THE FORMER KNICKERBOCKER HOTEL: This 16-story Beaux-Arts building at the corner of Broadway and 42nd Street was the place to stay in the early 20th century. Caruso sang from the balcony to the crowds below. It's also the only building at the Crossroads of the World that still looks like the Times Square of old.

FRANKIE & JOHNNIE'S STEAKHOUSE: But hurry! This second-story former Speakeasy on W. 46th Street will shut down for good at the end of January. As far as I know, it's the second oldest restaurant in the area.

SARDI'S: This is the oldest. I know: it's cliche, it's musty, it's old hat. It's also history and splendid and romantic and you'll be treated well and get some decent food. You won't see any theatre stars; but plenty of past celebrities are in frames on the walls.

SMITH'S BAR AND GRILL: A bar, a grill and a sign to remind you of the Times Square of the 1950s. Nothing too special inside. And nothing too fancy. Which makes it great.

CAFE EDISON: An affordable and classic diner inside the Edison Hotel on 47th Street. A popular theatre hangout for stage pros who are more interested in eating than being seen. Try the matzo ball soup.
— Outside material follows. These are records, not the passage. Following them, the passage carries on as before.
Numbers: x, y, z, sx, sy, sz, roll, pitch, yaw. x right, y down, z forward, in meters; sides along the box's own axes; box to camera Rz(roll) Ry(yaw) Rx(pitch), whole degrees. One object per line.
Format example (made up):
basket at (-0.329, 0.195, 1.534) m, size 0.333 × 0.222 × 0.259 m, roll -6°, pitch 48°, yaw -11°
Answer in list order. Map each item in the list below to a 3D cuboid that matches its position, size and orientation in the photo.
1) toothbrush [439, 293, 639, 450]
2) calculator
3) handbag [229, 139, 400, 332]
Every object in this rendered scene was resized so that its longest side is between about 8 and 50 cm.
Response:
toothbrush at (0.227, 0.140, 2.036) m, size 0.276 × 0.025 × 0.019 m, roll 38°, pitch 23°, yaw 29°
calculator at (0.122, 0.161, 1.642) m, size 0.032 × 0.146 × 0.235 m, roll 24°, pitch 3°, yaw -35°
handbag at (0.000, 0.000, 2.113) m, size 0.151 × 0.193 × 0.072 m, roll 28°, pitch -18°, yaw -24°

The Rum House, a bar next door that is also part of the hotel, is worth a look too.

JIMMY'S CORNER: The best bar in Times Square, and the last saloon that speaks of the area's rich past. It's a shotgun space owned by Jimmy Glenn, a former boxing trainer, and full of easy-going charm, good music, cheap beer and waitresses in short skirts.

NOTE: I've limited this survey to the area above 42nd between Eighth and Sixth Avenues. Attractions to the south, west and east will be covered in future entries on Hell's Kitchen, Midtown and the Garment District.

06 October 2008

Frankie and Johnnie's Going Strong as End Nears


A friend was good enough to treat me to dinner at Frankie & Johnnie's Steakhouse on 45th Street the other night, giving me a chance to enjoy the former speakeasy and Theatre District staple before the Death March of Progress yanks it down.
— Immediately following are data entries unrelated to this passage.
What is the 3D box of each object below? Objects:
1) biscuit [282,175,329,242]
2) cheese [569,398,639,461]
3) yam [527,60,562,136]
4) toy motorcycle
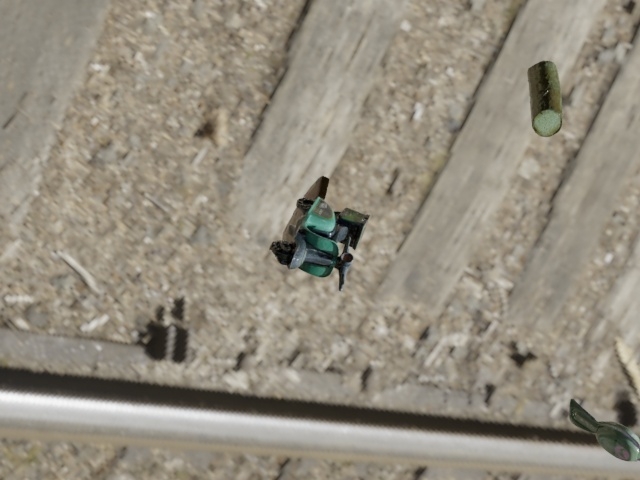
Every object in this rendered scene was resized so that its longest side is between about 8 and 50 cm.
[{"bbox_3d":[-0.024,-0.041,1.984,0.019,0.119,0.130,29,86,-16],"label":"biscuit"},{"bbox_3d":[0.375,0.253,1.699,0.026,0.121,0.067,-44,148,-25],"label":"cheese"},{"bbox_3d":[0.287,-0.182,1.663,0.043,0.043,0.094,39,43,-47],"label":"yam"},{"bbox_3d":[0.000,0.000,1.603,0.173,0.100,0.058,-60,169,-64],"label":"toy motorcycle"}]

I was surprised to find the place thronged, packed to the gills with noisy, happy diners. According to my friend, it's always that busy. We sat in a corner banquette with a full view of the actions, under a photograph of Robert Preston dining with Sandy Dennis (!) at the eatery back in the 1960s. Tables and chairs are packed tightly together in the small room and the seasoned waiters swan in and around the narrow spaces between with ease. We were mothered over by a veteran waiter whose mindful, decorous manner made us feel quite cared for. We both ordered the Filet Mignon with Mushroom Cap, along with sides of garlic mashed potatoes and spinach. I'm not much of a steak fan, so I was surprised how happy the entree made me. It was a beautiful piece of meat from start to finish, tender and flavorful. The mashes potatoes were a dream. We downed it with a superb half-bottle of 2004 Grgich Cabernet Sauvignon.



It's quite a cozy room and it's sad to think it will be gone by January (according to our waiter). It still has a secret, sequestered air to it, and the vista looking through the blinds down on the busy Broadway side street of W. 45th Street is a bird's-eye close-up you can't enjoy anywhere else. The spot shows its age, with the stairs up to the restaurant, and another flight up to the bathrooms, visibly slanting and sloping at curious angles.
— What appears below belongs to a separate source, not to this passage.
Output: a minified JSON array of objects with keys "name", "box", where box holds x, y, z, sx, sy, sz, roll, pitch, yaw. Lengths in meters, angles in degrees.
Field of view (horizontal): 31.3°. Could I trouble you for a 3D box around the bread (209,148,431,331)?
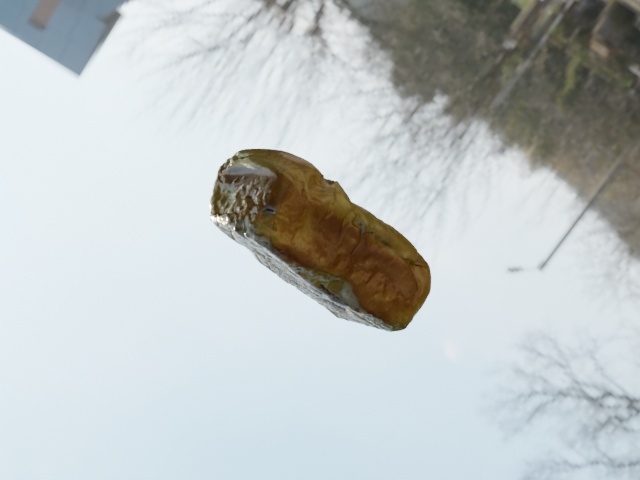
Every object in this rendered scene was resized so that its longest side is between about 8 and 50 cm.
[{"name":"bread","box":[0.000,0.000,1.425,0.294,0.132,0.167,39,174,-36]}]

The trip up to the bathroom is worth a visit. I wondered if this stairwell once served as an escape route to a secret room or passage when 1920s guests were surprised by unwelcome visits from the police. There is also an old Daily News clipping hung next to the men's room that is worth a perusal. It concerns an 1963 encounter between Jason Robards and Richard M. Nixon in the F&J bar. A drunk Robards was singing old Irish tunes when he spied Nixon at the bar with some government men and let go with "Trick Dick! What the hell are you doing here?" He continued: "You were a lousy football coach. You were a lousy Vice-President, and you'll never be President." Nixon tried to laugh off the encounter by offering to pay for a round for the room. He put $20 on the bar, but kept his arm around the bill. Sure enough, when he left, he surreptitiously repocketed the $20, therefore stiffing Frankie & Johnnie's.

Bet Robards thought of that night often when filming "All the President's Men."